Gasoline prices did decline—down 6.3% in March—largely due to expectations of higher oil output from OPEC+ and weaker global demand (AAA, 2025). However, natural gas prices rose by 3.4%, and grocery costs increased by 0.5%, signaling that everyday essentials remain stubbornly expensive (Trading Economics, Investopedia, 2025).
Inflation showed signs of cooling, with the Consumer Price Index (CPI) falling 0.1% in March. This brought the annual inflation rate to 2.4%, its lowest level since September 2021 and the second straight monthly decline (Trading Economics, 2025).
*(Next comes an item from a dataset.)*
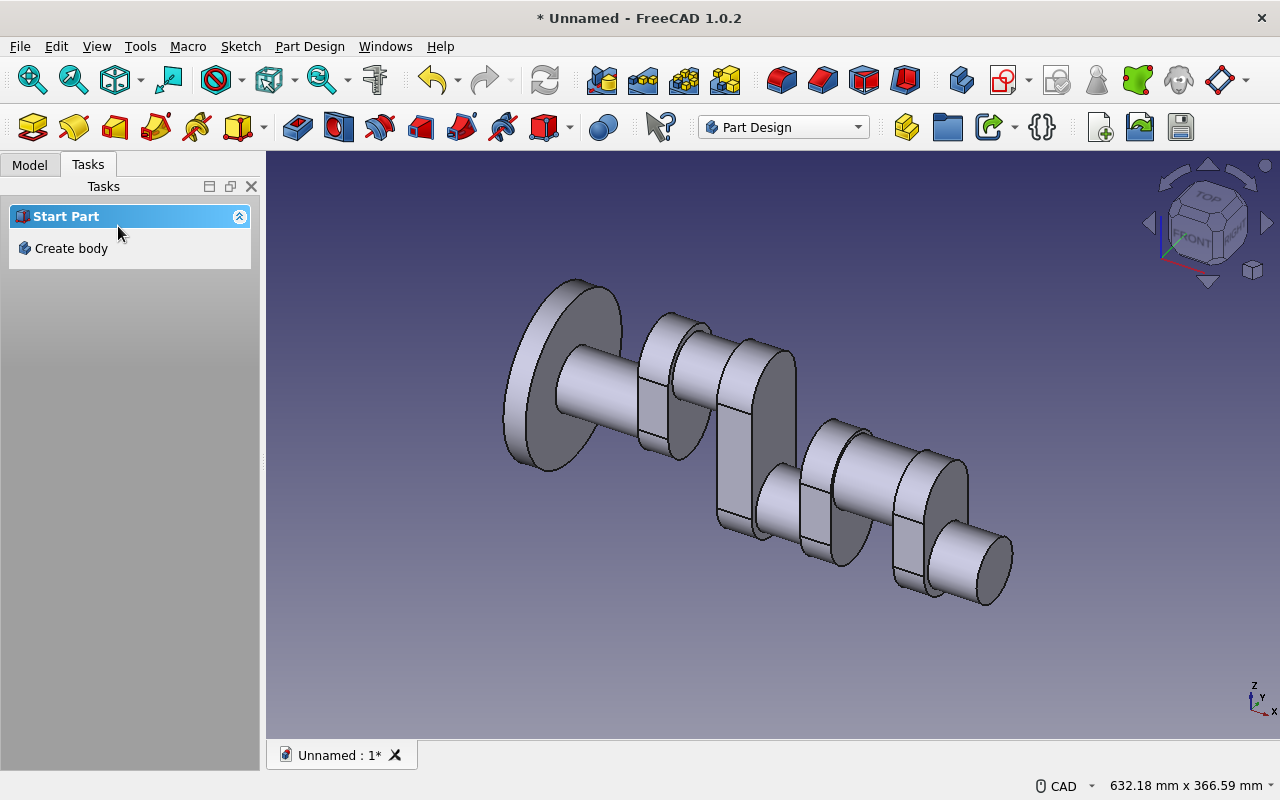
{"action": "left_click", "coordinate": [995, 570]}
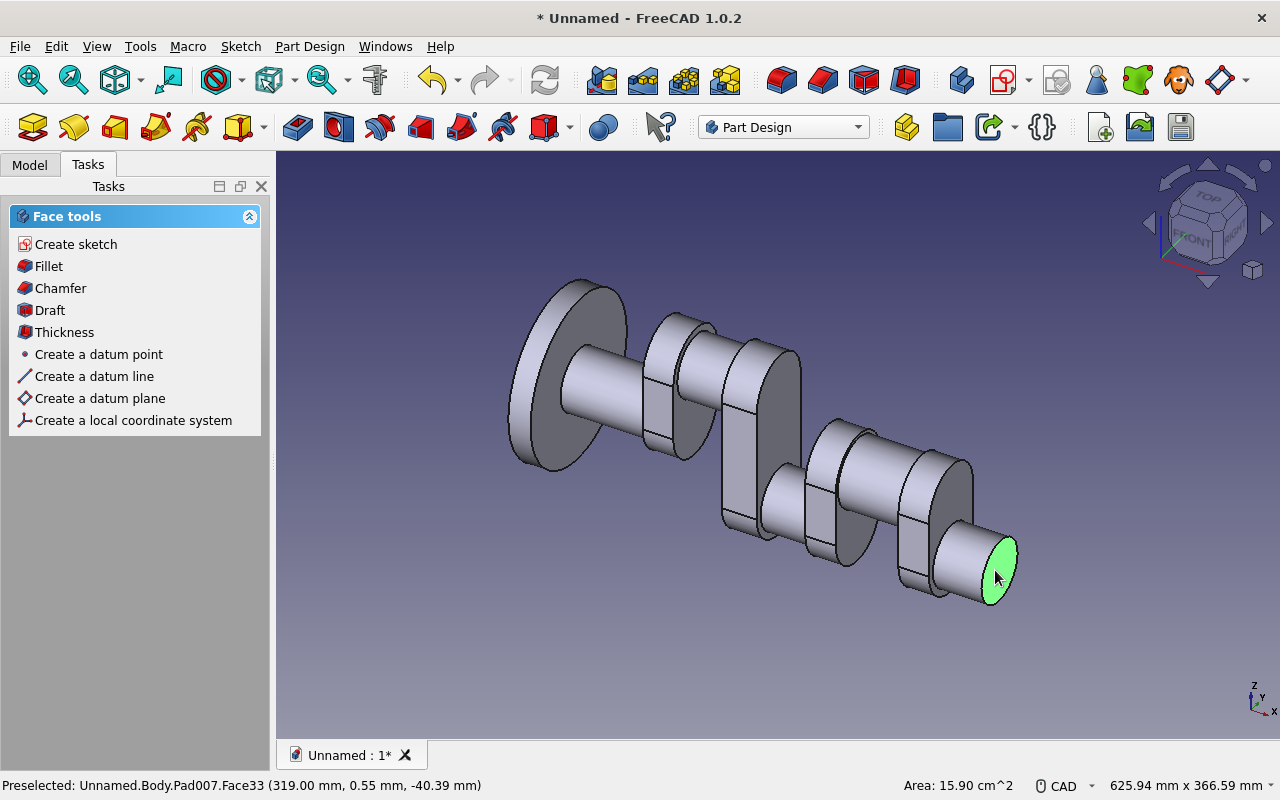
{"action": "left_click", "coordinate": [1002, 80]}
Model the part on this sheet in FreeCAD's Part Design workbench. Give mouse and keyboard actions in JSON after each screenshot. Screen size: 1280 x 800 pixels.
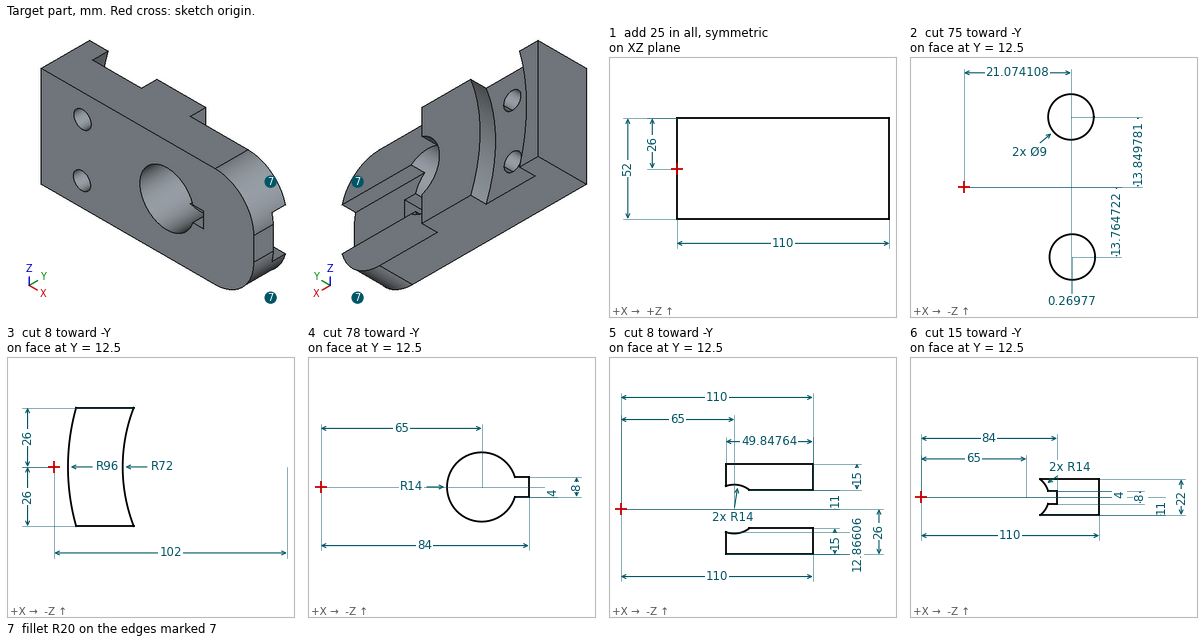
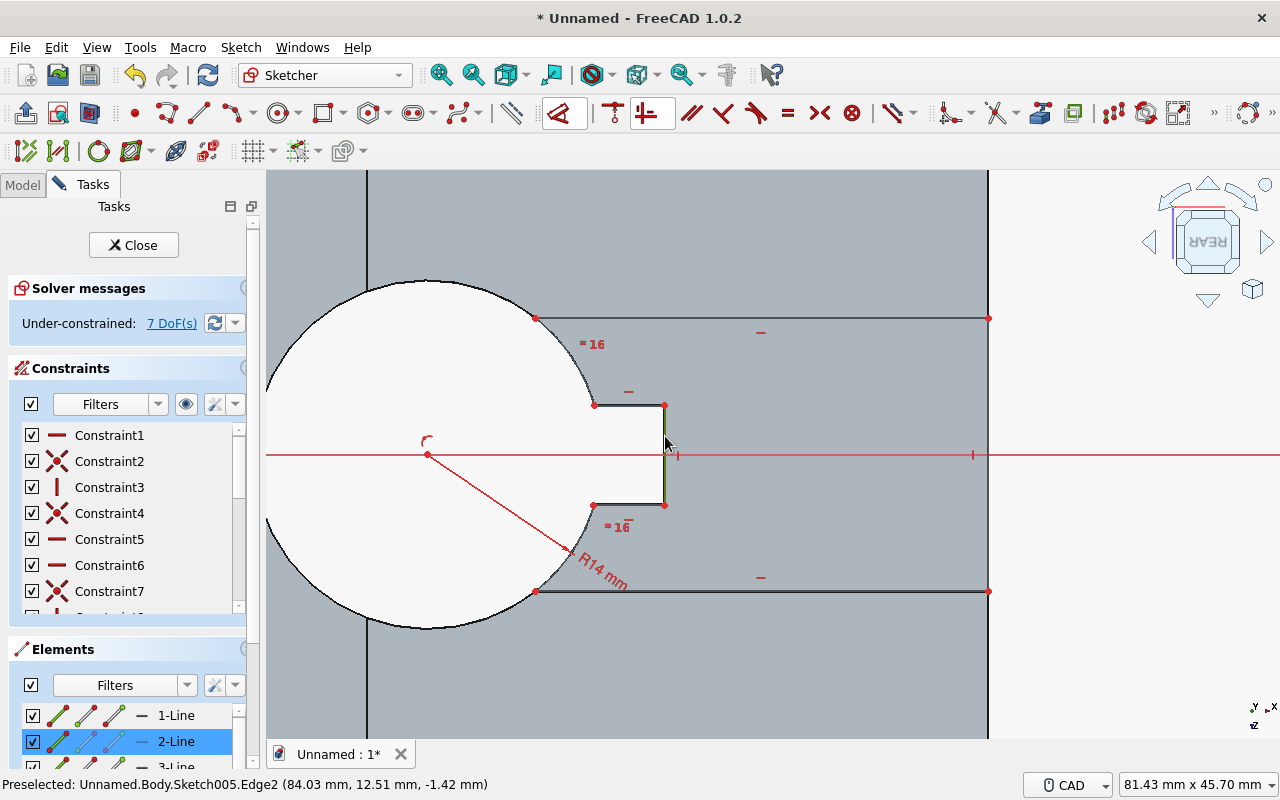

But relief may be short-lived. President Trump’s proposed tariffs—including a 10% blanket import tax and a steep 125% tariff on Chinese goods—could reignite inflation. As economist Robert Frick warned, “We may be whistling past the graveyard right now, because we know that costs are going to increase” (CNN, 2025).
2. Does Mexico owe the US Water?
On April 10th, President Donald Trump claimed that Mexico owes Texas 1.3 million acre-feet of water under the 1944 Water Treaty. He warned that if Mexico fails to meet its obligations, the U.S. could impose sanctions and tariffs (Truth Social, 2025).
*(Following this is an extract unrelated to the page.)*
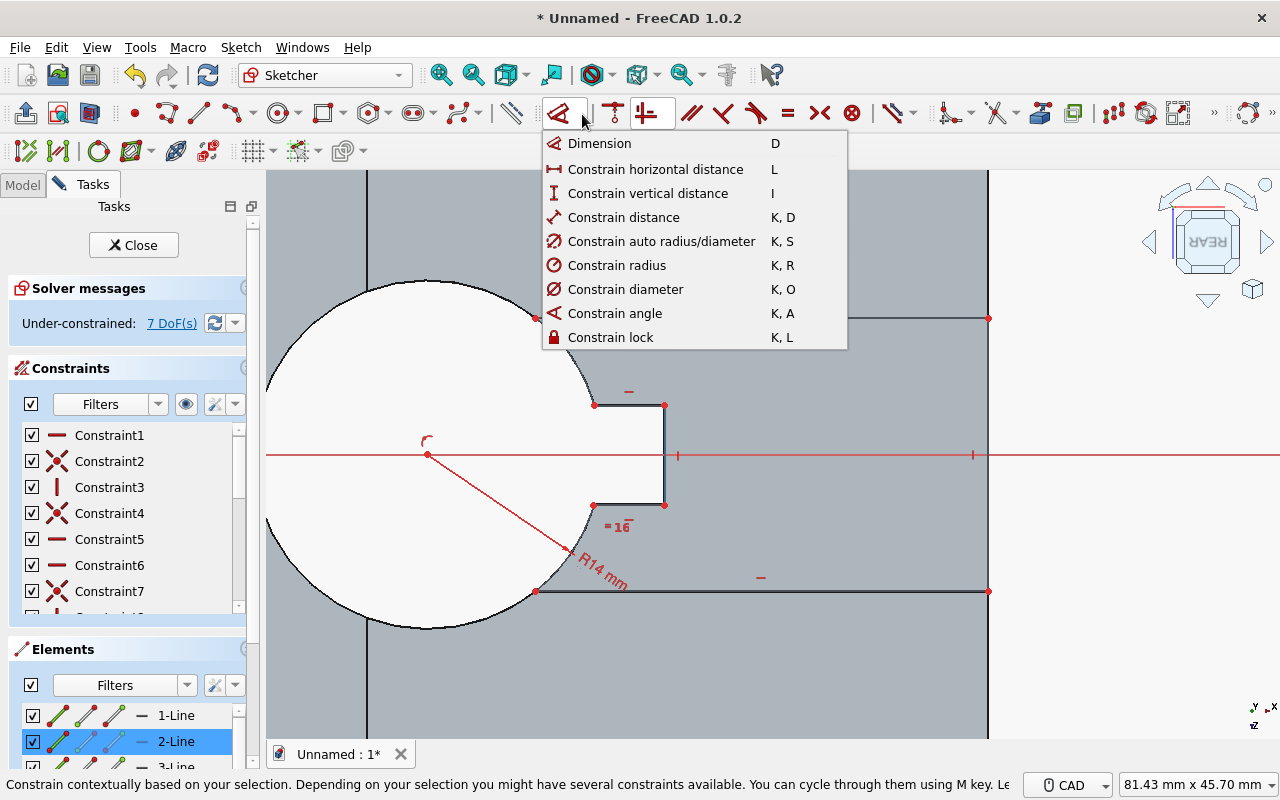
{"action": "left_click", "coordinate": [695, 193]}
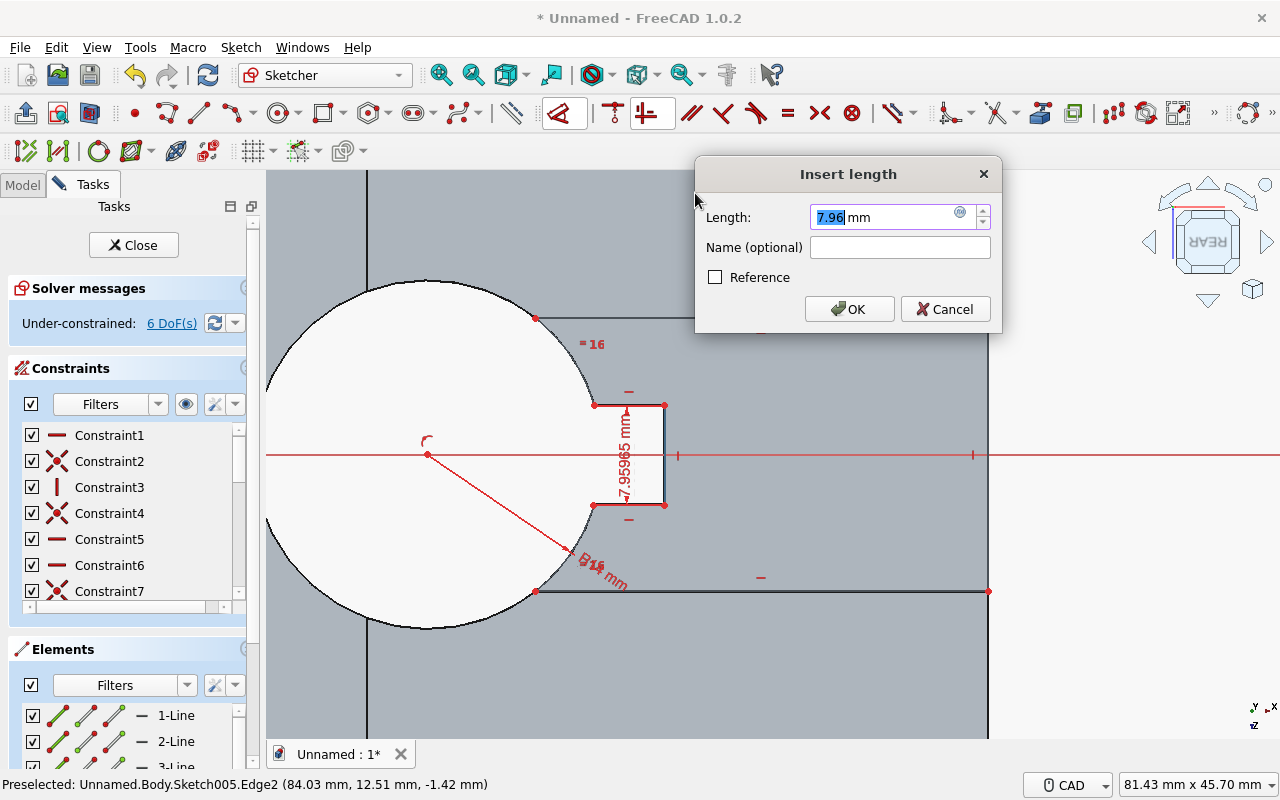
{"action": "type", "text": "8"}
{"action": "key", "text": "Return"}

Under the treaty, Mexico must deliver an average of 350,000 acre-feet of water per year—1.75 million acre-feet over a five-year cycle—from the Rio Grande. In exchange, the U.S. supplies Mexico with 1.5 million acre-feet annually from the Colorado River (IBWC, 1944).
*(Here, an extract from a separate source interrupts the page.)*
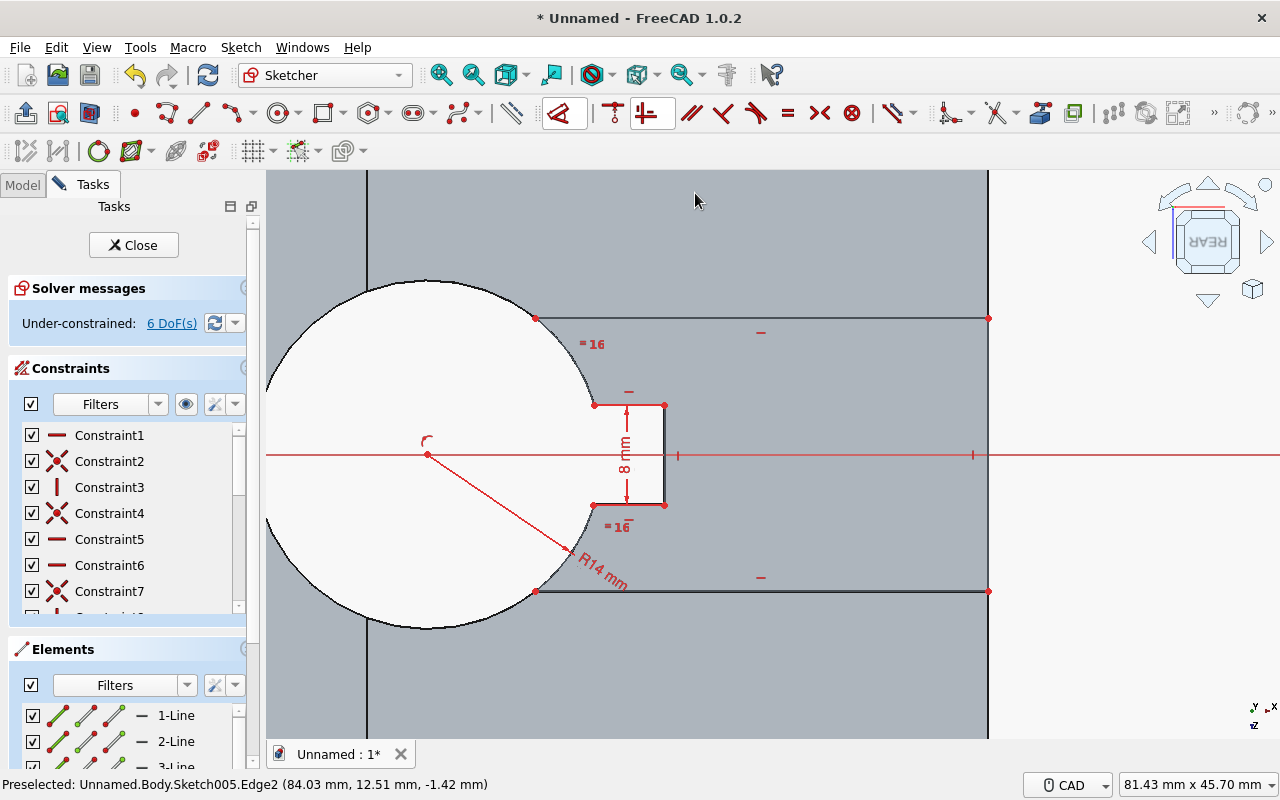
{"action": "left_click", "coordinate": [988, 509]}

As of late 2024, Mexico had delivered only 488,634 acre-feet—less than 30% of its required amount for the current cycle, which ends in October 2025 (IBWC, 2025). Mexican officials blame the shortfall on prolonged drought conditions that have severely reduced water flows.
In response to rising diplomatic pressure, President Claudia Sheinbaum announced that Mexico will make an immediate water delivery to Texas farmers to help ease the deficit. She added that Mexico is actively exploring additional ways to meet its obligations and has submitted a formal proposal to U.S. authorities. President Sheinbaum emphasized that compliance is being assessed based on actual water availability, noting that low Rio Grande levels have complicated fulfillment efforts (The Guardian, 2025).
3. Ketchup and Salads Just Got Pricier
On April 14, 2025, the U.S. Department of Commerce announced it will impose a 20.91% anti-dumping duty on most tomatoes imported from Mexico, effective July 14. The measure aims to protect domestic tomato producers, with the Department stating it will “allow U.S. tomato growers to compete fairly in the marketplace” (Reuters; The Economic Times, 2025).
While the move may support U.S. farmers, it is expected to raise prices for consumers. Mexico supplies 98% of U.S. tomato imports and is projected to export 1.91 million tons in 2025 (Bloomberg, 2025).
In response, Mexican authorities have reopened negotiations to avoid the tariffs and preserve favorable trade terms. President Claudia Sheinbaum emphasized the strategic importance of the U.S. market, noting that the current export volume “can’t be substituted,” and voiced optimism about reaching a resolution before the July deadline. Agriculture Minister Julio Berdegué added that the tariffs will primarily hurt American consumers, warning that “their salads, ketchup, and anything that contains tomatoes is going to cost them more” (El Economista; Bloomberg, 2025).